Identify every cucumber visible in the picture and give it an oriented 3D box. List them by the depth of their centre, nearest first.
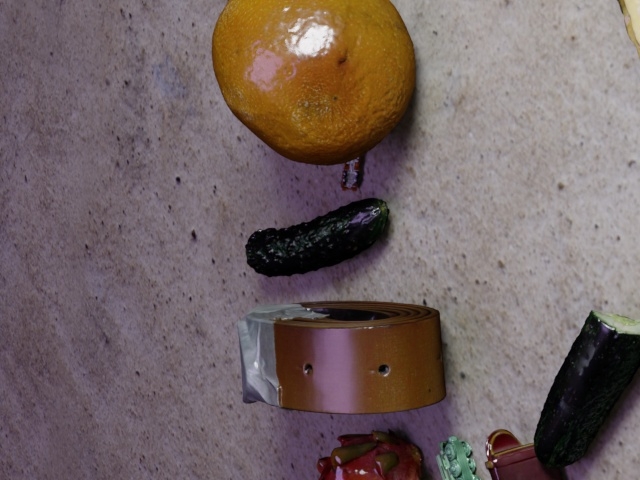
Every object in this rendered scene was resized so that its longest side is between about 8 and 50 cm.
[{"bbox_3d":[0.288,0.166,1.555,0.074,0.074,0.241,54,139,35],"label":"cucumber"},{"bbox_3d":[0.000,0.000,1.946,0.303,0.072,0.081,-14,85,56],"label":"cucumber"}]

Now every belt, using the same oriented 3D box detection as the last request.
[{"bbox_3d":[0.021,0.148,1.816,0.338,0.217,0.122,2,98,58],"label":"belt"}]

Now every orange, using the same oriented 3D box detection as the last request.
[{"bbox_3d":[-0.012,-0.221,1.762,0.264,0.264,0.264,17,111,54],"label":"orange"}]

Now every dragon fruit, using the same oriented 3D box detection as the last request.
[{"bbox_3d":[0.043,0.330,1.903,0.150,0.207,0.133,55,-161,-57],"label":"dragon fruit"}]

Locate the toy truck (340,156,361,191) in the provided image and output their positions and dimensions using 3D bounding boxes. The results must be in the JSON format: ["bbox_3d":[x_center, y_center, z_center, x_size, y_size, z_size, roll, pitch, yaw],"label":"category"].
[{"bbox_3d":[0.042,-0.108,1.903,0.032,0.024,0.083,-100,14,-64],"label":"toy truck"}]

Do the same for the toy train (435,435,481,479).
[{"bbox_3d":[0.171,0.289,1.790,0.053,0.033,0.083,-39,64,56],"label":"toy train"}]

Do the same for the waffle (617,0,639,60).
[{"bbox_3d":[0.411,-0.276,1.236,0.376,0.114,0.261,-28,73,55],"label":"waffle"}]

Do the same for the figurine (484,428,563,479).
[{"bbox_3d":[0.236,0.296,1.671,0.098,0.082,0.154,123,132,-70],"label":"figurine"}]

+ + +

◆ THE PROBLEM ◆
When you return the records, keep every word unchanged and drop the pictures.

◆ EXERCISE RESPONSE ◆
Identify every cucumber visible in the picture and give it an oriented 3D box. List them by the depth of their centre, nearest first.
Every object in this rendered scene was resized so that its longest side is between about 8 and 50 cm.
[{"bbox_3d":[0.288,0.166,1.555,0.074,0.074,0.241,54,139,35],"label":"cucumber"},{"bbox_3d":[0.000,0.000,1.946,0.303,0.072,0.081,-14,85,56],"label":"cucumber"}]

Now every belt, using the same oriented 3D box detection as the last request.
[{"bbox_3d":[0.021,0.148,1.816,0.338,0.217,0.122,2,98,58],"label":"belt"}]

Now every orange, using the same oriented 3D box detection as the last request.
[{"bbox_3d":[-0.012,-0.221,1.762,0.264,0.264,0.264,17,111,54],"label":"orange"}]

Now every dragon fruit, using the same oriented 3D box detection as the last request.
[{"bbox_3d":[0.043,0.330,1.903,0.150,0.207,0.133,55,-161,-57],"label":"dragon fruit"}]

Locate the toy truck (340,156,361,191) in the provided image and output their positions and dimensions using 3D bounding boxes. The results must be in the JSON format: ["bbox_3d":[x_center, y_center, z_center, x_size, y_size, z_size, roll, pitch, yaw],"label":"category"].
[{"bbox_3d":[0.042,-0.108,1.903,0.032,0.024,0.083,-100,14,-64],"label":"toy truck"}]

Do the same for the toy train (435,435,481,479).
[{"bbox_3d":[0.171,0.289,1.790,0.053,0.033,0.083,-39,64,56],"label":"toy train"}]

Do the same for the waffle (617,0,639,60).
[{"bbox_3d":[0.411,-0.276,1.236,0.376,0.114,0.261,-28,73,55],"label":"waffle"}]

Do the same for the figurine (484,428,563,479).
[{"bbox_3d":[0.236,0.296,1.671,0.098,0.082,0.154,123,132,-70],"label":"figurine"}]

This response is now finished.